5 minute read
Opinion - Norman Macdonald - Letter from the Middle East
Middle East challenges remain
Norman Macdonald, vice president of Toy Triangle, based in the United Arab Emirates, gives us an overview of the Middle Eastern toy market and what challenges and opportunities exist in the region.
The Middle East has struggled to recover post Covid, but it would be too easy to blame the current situation solely on the effects of pandemic, as that would ignore all the other factors that are in the mix. These include:
Inventory – which remains high and, like the rest of the world, this has had an impact right across the supply chain. Stock in both retailers and distributors warehouses is above levels that would be considered healthy, and that has been the state of play for most of 2023. High inventory is normally as a result of overbuying or underselling - or in the Middle East’s case a combination of both. Higher stock levels at retail means lower levels of local purchases, resulting in a build-up of stock in the distributors’ warehouses.
Cashflow - over the years, as has happened all around the world, retailers have come and gone in the region. Every time one of them closes, it causes repercussions amongst suppliers. The toy retailers that remain active are competing to secure extended payment terms from suppliers, asking for consignment or goods supplied on a sale or return basis as they try to balance the books. This uncertainty can create a strained relationship between distributor and retailer, as they end up having far more conversations about terms than they do about sales. Healthy cash flow has remained a challenge in 2023 for all parties, with a few exceptions.
Changing shopping habits - e-Commerce took a lot longer to take hold in the Middle East for a variety of reasons: no street addresses for deliveries, suspicion about online payments and a focus on luxury shopping malls, some of the largest and most impressive in the world. The Covid pandemic was a game changer, as many consumers found it easier to shop online and stayed with it, happy to avoid traffic jams and full car parks. On top of that, the high number of malls in the Middle East has also led to overcapacity.
Discounting - inventory, cash flow and changing shopping habits are all significant challenges, but if you add into the mix a high volume of distributors bringing in speculative product, this invariably leads to discounting, longer payment terms and panic sales to try to balance the books.
Oversupply - it’s not uncommon to see, for example, multiple brands featuring practically identical product; I counted over eight brands of remote-control cars in toy retailers recently. The retailer won’t sell any more than if it had two brands, so this creates dead stock. In reality, there are too many distributors in the region chasing too little business.
Economic factors and war – in a climate of fear, people tend to become savers rather than spenders. In addition, rising bills and expenses has led to a change in shopping habits on a wide variety of products including toys.
So, is it all doom and gloom? Not at all – on the plus side, the Middle East has higher disposable income, large families, a high percentage of the population under 18, oil wealth and now government adopting longer term economic strategies.
Looking at individual countries within the region:
Egypt: has currency issues and extra admin on imports but for those with patience, it can be a decent market.
Saudi Arabia: is the largest market in the GCC (Gulf Cooperation Council), but toy retailers are closing and delaying payments which is creating a challenging trading environment for distributors. However, the relaxing of visa requirements and increased tourism and sporting activity should help in years to come.
UAE: remains stable and is benefitting from increased tourism from Russia and Israel. Christmas is expected to help the toy market here.
Kuwait: used to be the third largest market in the GCC but has now been replaced by Qatar. The malls here are well established, and excellent toy retailers ensure this is still an important market for toys.
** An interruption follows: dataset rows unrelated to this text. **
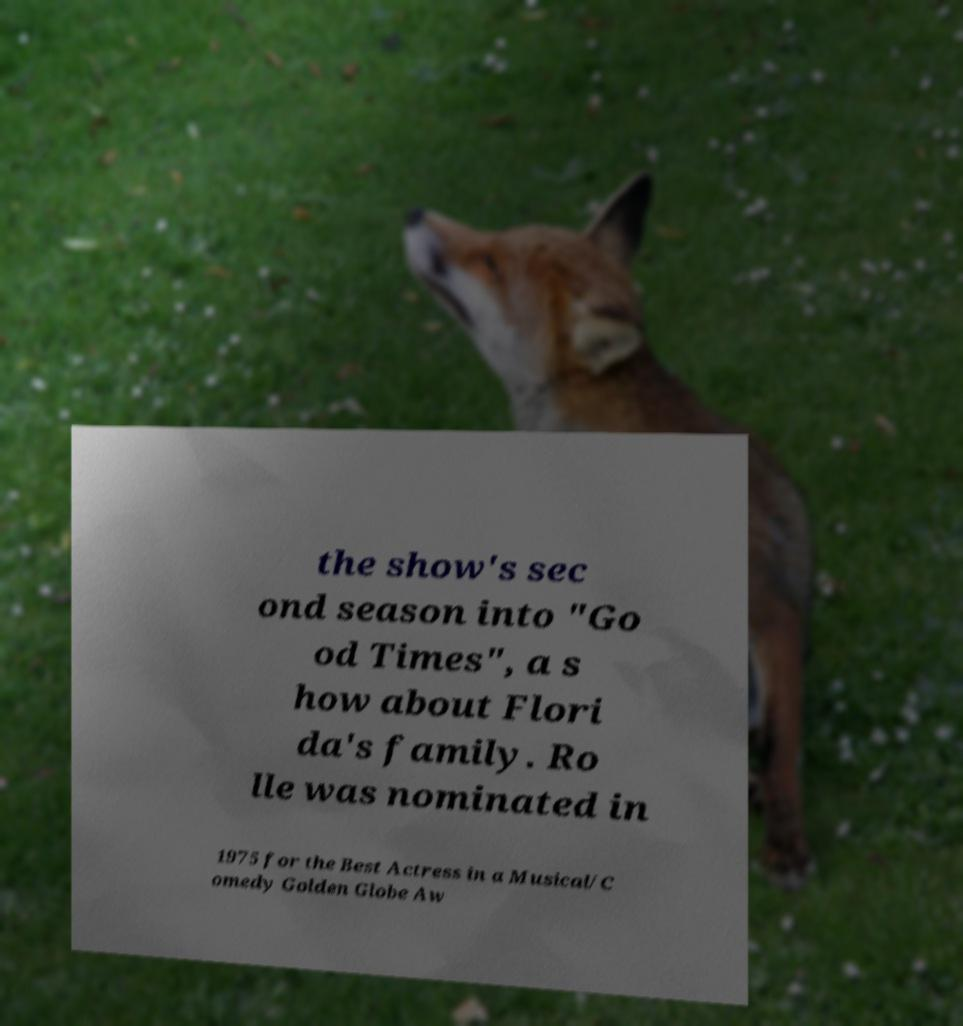Can you read and provide the text displayed in the image?This photo seems to have some interesting text. Can you extract and type it out for me? the show's sec ond season into "Go od Times", a s how about Flori da's family. Ro lle was nominated in 1975 for the Best Actress in a Musical/C omedy Golden Globe Aw 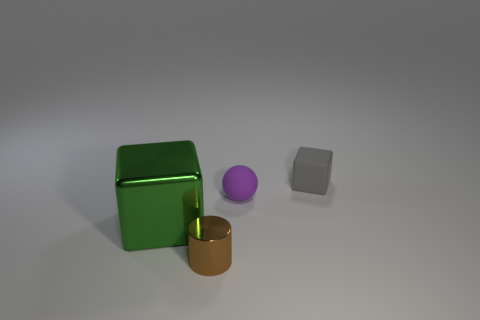Add 3 rubber objects. How many objects exist? 7 Subtract all cylinders. How many objects are left? 3 Add 3 tiny cubes. How many tiny cubes are left? 4 Add 4 purple balls. How many purple balls exist? 5 Subtract 0 brown spheres. How many objects are left? 4 Subtract all large blue metal things. Subtract all small balls. How many objects are left? 3 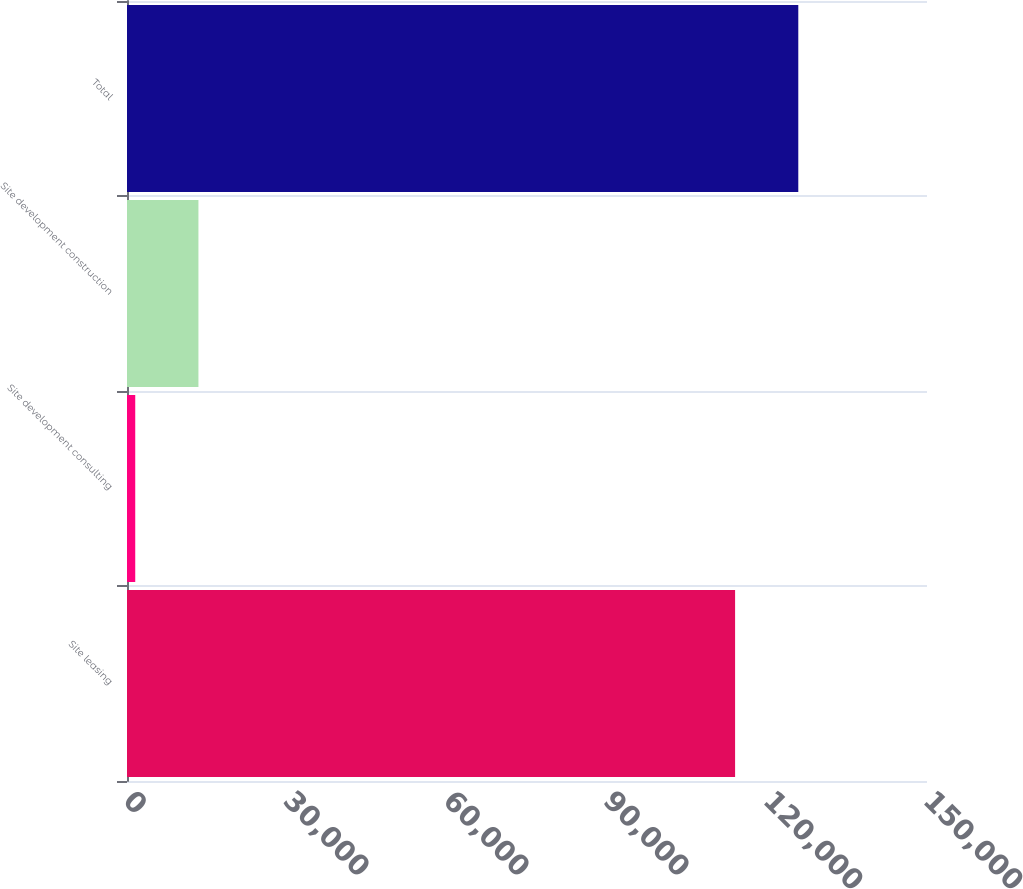Convert chart to OTSL. <chart><loc_0><loc_0><loc_500><loc_500><bar_chart><fcel>Site leasing<fcel>Site development consulting<fcel>Site development construction<fcel>Total<nl><fcel>114018<fcel>1545<fcel>13394.4<fcel>125867<nl></chart>

Qatar: enjoyed a boost from the World Cup and an increased emphasis on tourism, the country is on the up but still relies heavily on UAE importers.
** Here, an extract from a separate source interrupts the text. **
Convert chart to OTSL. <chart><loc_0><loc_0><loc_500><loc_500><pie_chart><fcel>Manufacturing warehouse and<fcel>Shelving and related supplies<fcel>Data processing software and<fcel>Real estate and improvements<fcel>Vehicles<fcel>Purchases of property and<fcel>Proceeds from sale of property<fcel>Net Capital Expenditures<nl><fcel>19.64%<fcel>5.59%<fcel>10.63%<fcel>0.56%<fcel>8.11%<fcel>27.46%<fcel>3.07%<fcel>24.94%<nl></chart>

Lebanon and Jordan: the ongoing conflict in Palestine and Israel has created uncertainty in both markets.
Bahrain/Oman: make up relatively small markets serviced mainly out of the UAE.
It looks very likely (at the time of writing) that a number of Middle Eastern distributors will return to Hong Kong in January. This used to be the norm as part of an annual visit to meet suppliers in China; now, for the first time in a few years post Covid, Hong Kong appointments are being made. However, Nuremberg remains the go-to trade show for Middle East distributors and key retailers.
In terms of brands, whatever is working in the USA and Europe will invariably work in the Middle East, albeit often with a three/six-month lag. Suppliers need to be aware though of cultural differences; there should be no rainbows on product or packaging, for example.
Brands such as L.O.L. Surprise!, Squishmallows and Barbie all delivered a very healthy performance in 2023 and Gaming, Collectibles and Arts & Crafts have also had a good year. However, TV driven properties are in decline, while app and Gaming licensed properties are grabbing a greater market share.
I expect to see improvements in the toy market throughout the region in 2024 compared to last year. The wise companies will have learned lessons and applied those learnings into strategies, as they look to the future. I look forward to seeing friends and colleagues from the toy community at the London and Nuremberg Toy Fairs, ahead of what I am sure will be another fascinating year’s trading.